Data extracted from a collection —
╭──
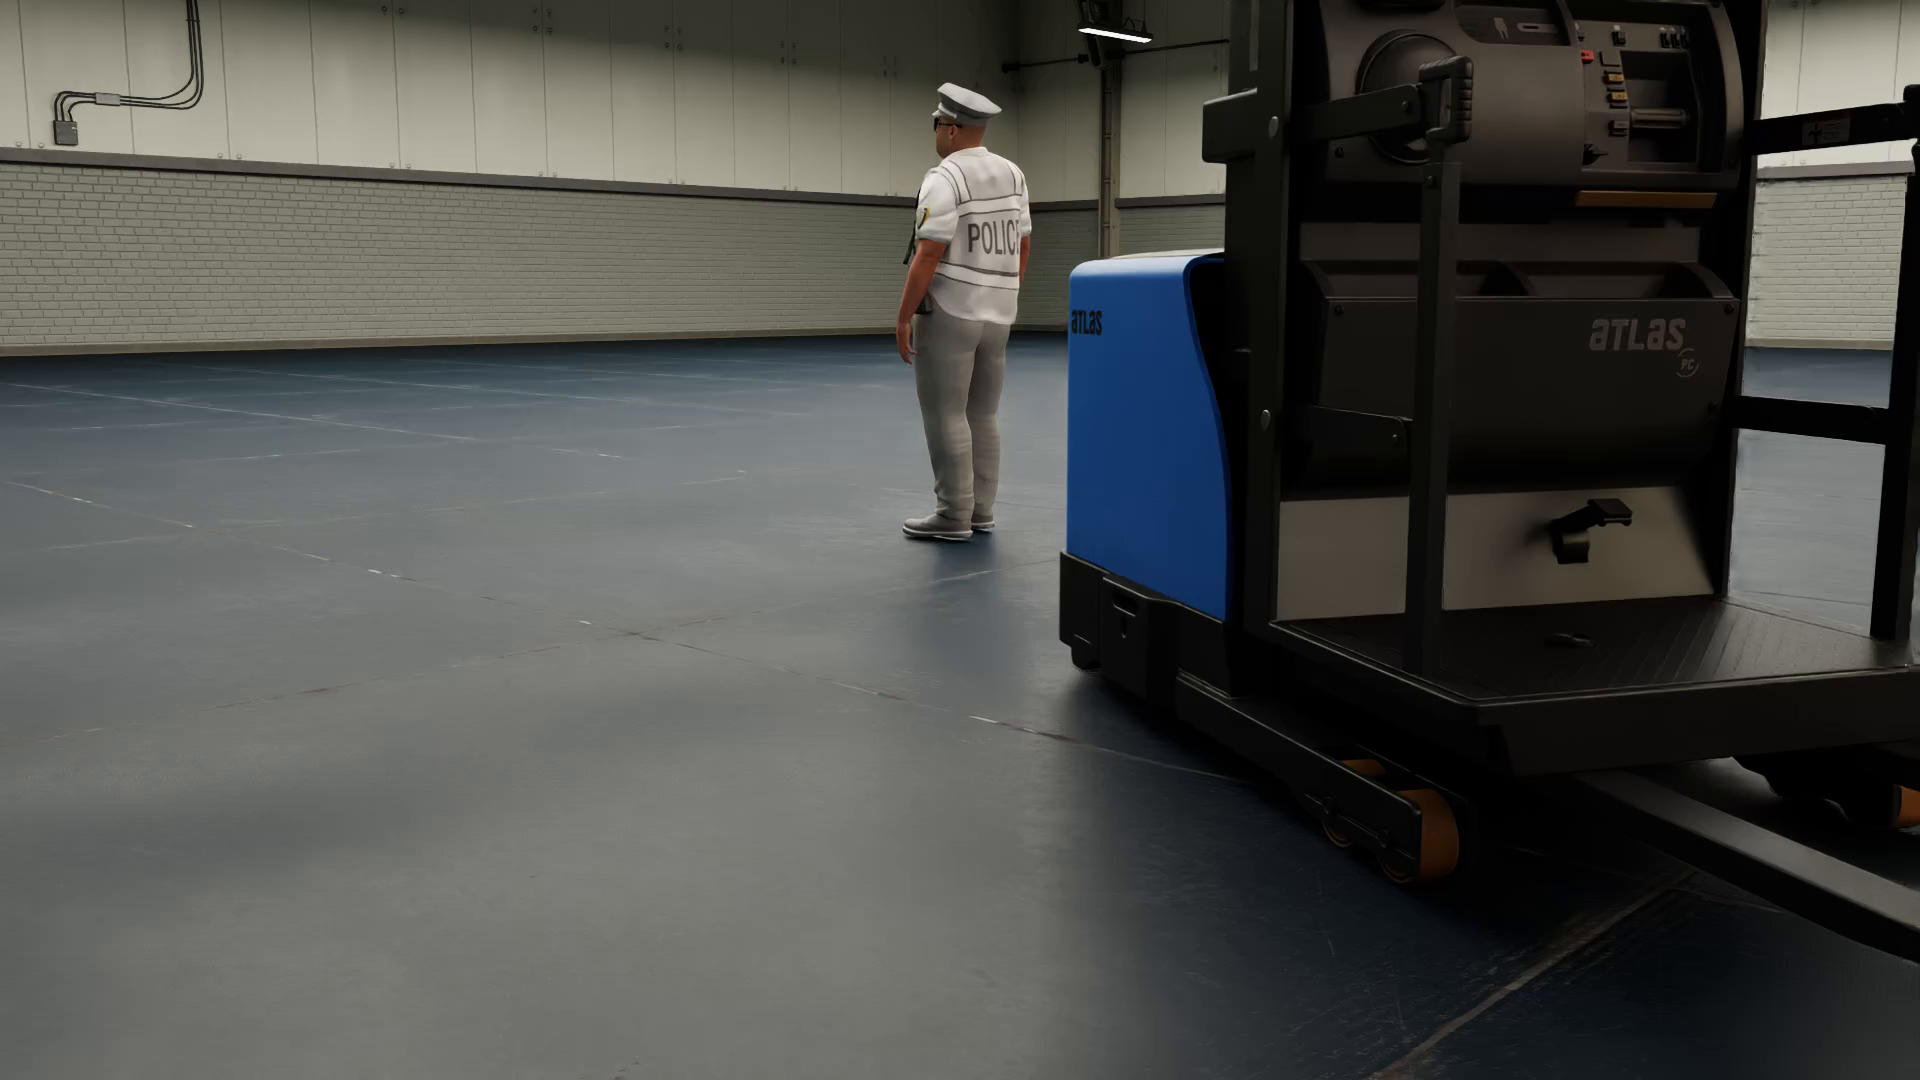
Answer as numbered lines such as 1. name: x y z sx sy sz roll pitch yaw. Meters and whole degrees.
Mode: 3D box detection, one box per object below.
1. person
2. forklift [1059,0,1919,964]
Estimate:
1. person: -0.047 -0.898 6.645 0.575 1.781 0.640 8 12 43
2. forklift: 1.175 -0.928 3.034 1.130 2.935 3.031 -3 9 -16
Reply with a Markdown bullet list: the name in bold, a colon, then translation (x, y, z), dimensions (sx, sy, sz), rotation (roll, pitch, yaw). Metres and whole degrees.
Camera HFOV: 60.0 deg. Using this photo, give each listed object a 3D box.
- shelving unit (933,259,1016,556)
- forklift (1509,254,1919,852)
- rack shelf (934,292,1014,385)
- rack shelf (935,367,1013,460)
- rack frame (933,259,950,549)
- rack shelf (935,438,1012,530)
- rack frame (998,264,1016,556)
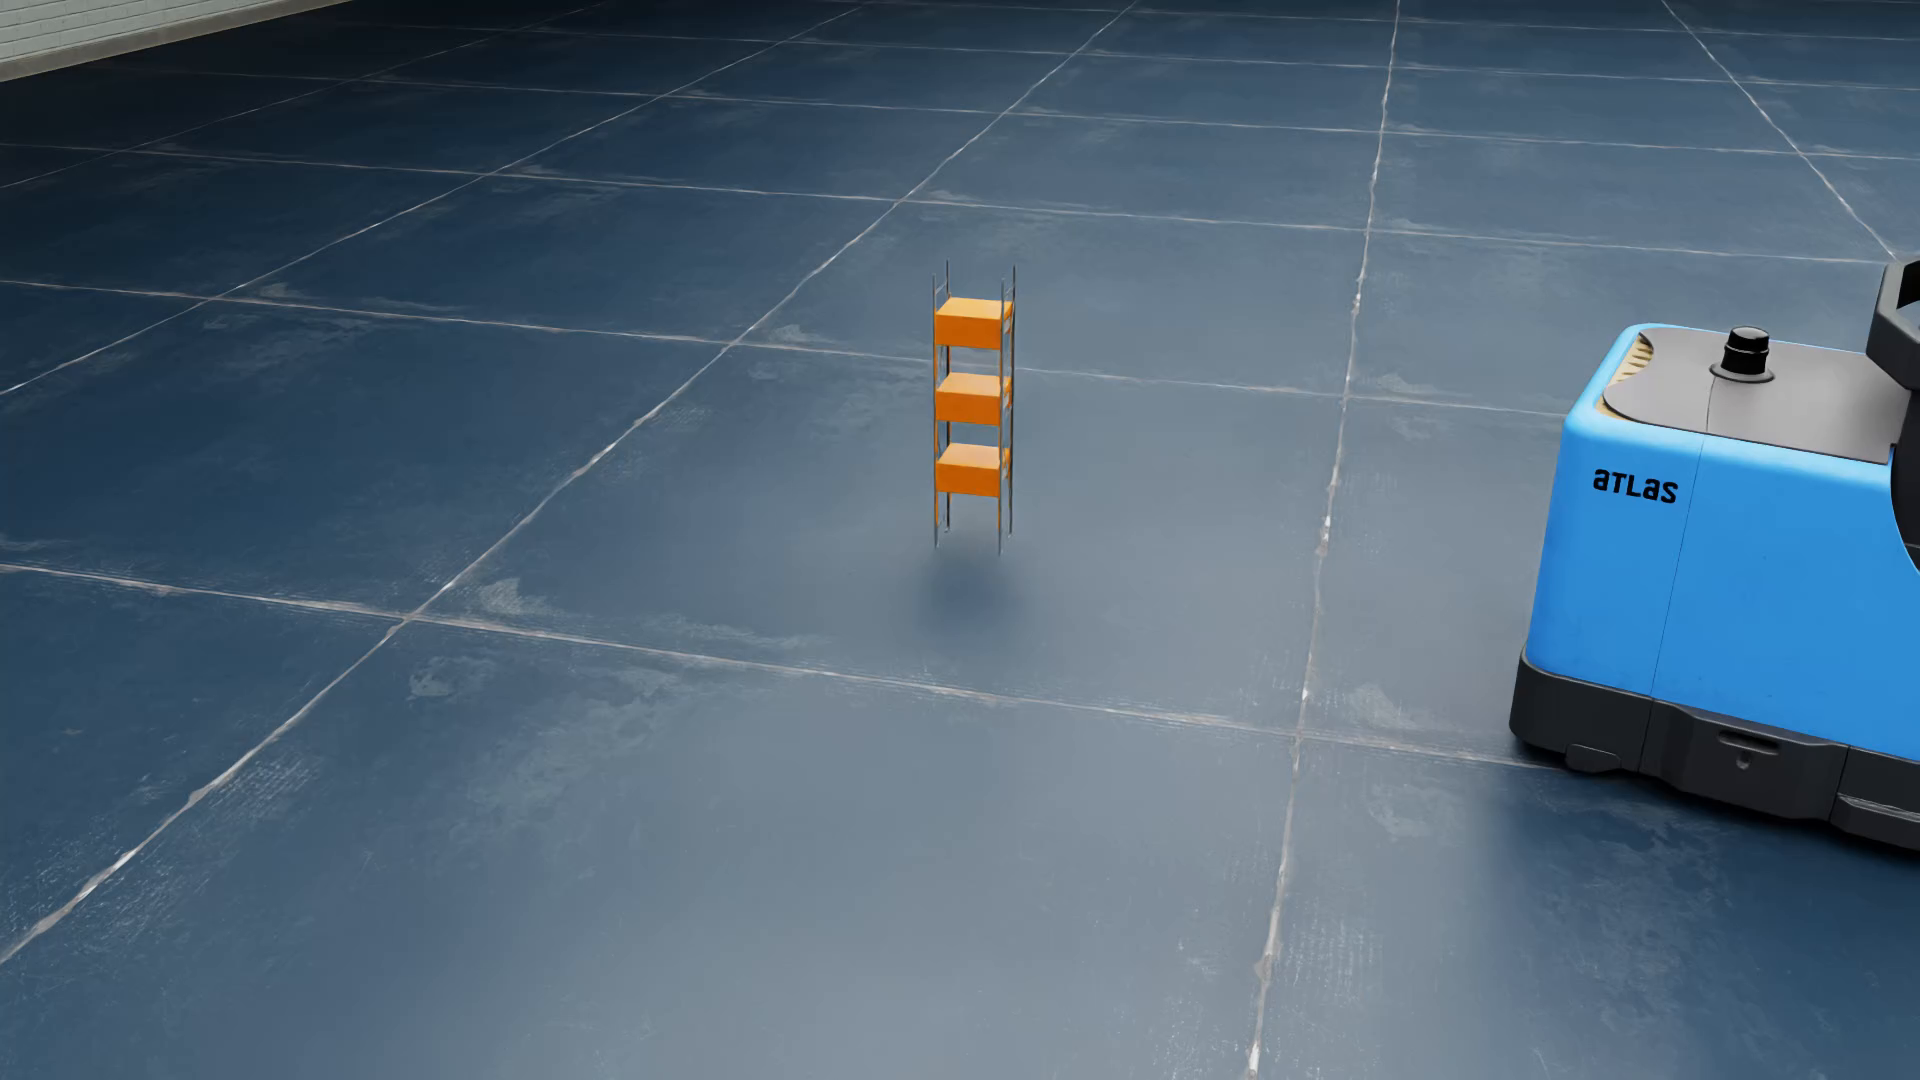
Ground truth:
- **shelving unit**: translation (0.052, -0.468, 6.012), dimensions (0.252, 1.050, 0.215), rotation (6, 26, 13)
- **forklift**: translation (3.162, -0.556, 4.009), dimensions (3.031, 2.935, 1.130), rotation (14, 29, 26)
- **rack shelf**: translation (0.052, -0.715, 5.895), dimensions (0.240, 0.259, 0.215), rotation (6, 26, 13)
- **rack shelf**: translation (0.052, -0.459, 6.017), dimensions (0.240, 0.259, 0.215), rotation (6, 26, 13)
- **rack frame**: translation (-0.066, -0.481, 6.040), dimensions (0.008, 1.050, 0.200), rotation (6, 26, 13)
- **rack shelf**: translation (0.052, -0.208, 6.136), dimensions (0.240, 0.259, 0.215), rotation (6, 26, 13)
- **rack frame**: translation (0.170, -0.455, 5.985), dimensions (0.008, 1.050, 0.200), rotation (6, 26, 13)
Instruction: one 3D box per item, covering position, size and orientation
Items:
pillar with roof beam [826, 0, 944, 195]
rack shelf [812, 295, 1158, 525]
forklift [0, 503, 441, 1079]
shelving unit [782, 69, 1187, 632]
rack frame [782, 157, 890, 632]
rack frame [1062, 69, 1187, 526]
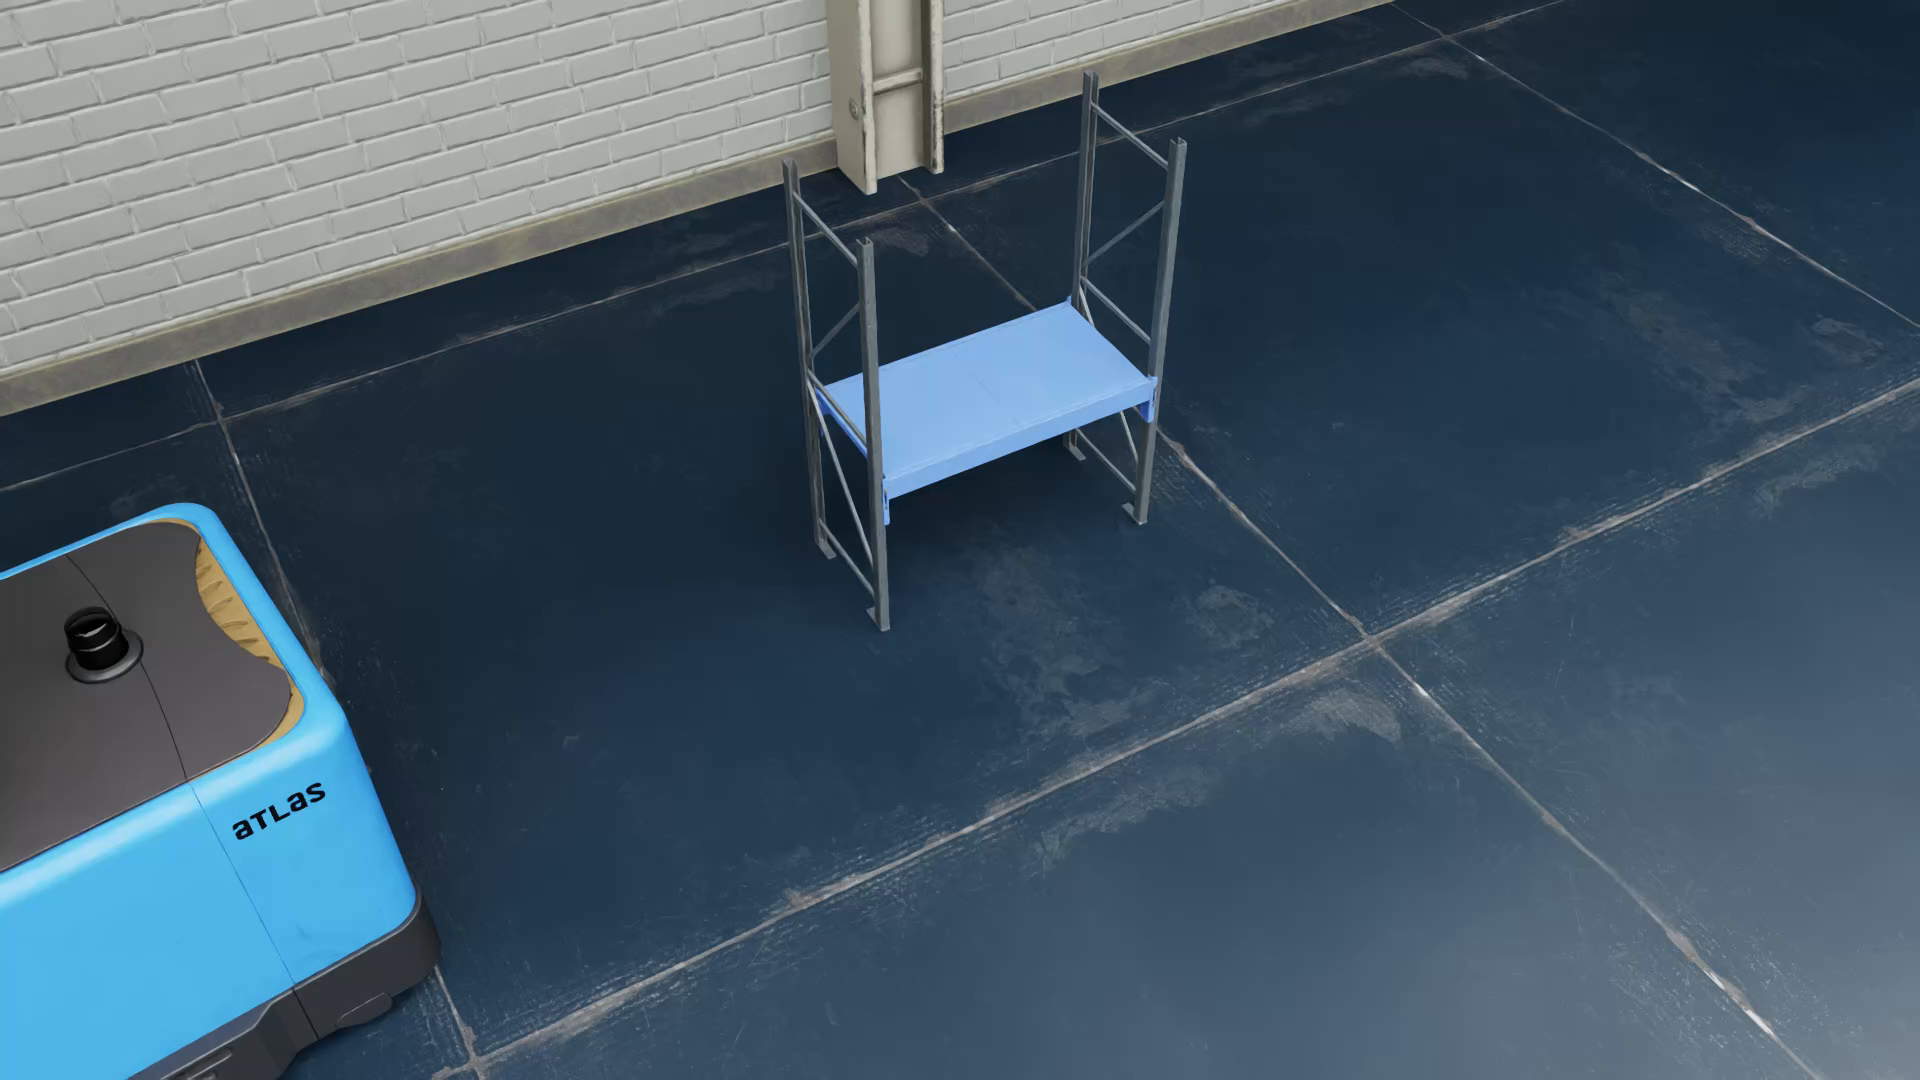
╰──
WHAT YOU ARE ASKED TO DO — Copy each line of the records above that carries the word "with".

REPLY TO THE EXERCISE —
Reply with a Markdown bullet list: the name in bold, a colon, then translation (x, y, z), dimensions (sx, sy, sz), rotation (roll, pitch, yaw). Metres and whole degrees.
pillar with roof beam [826, 0, 944, 195]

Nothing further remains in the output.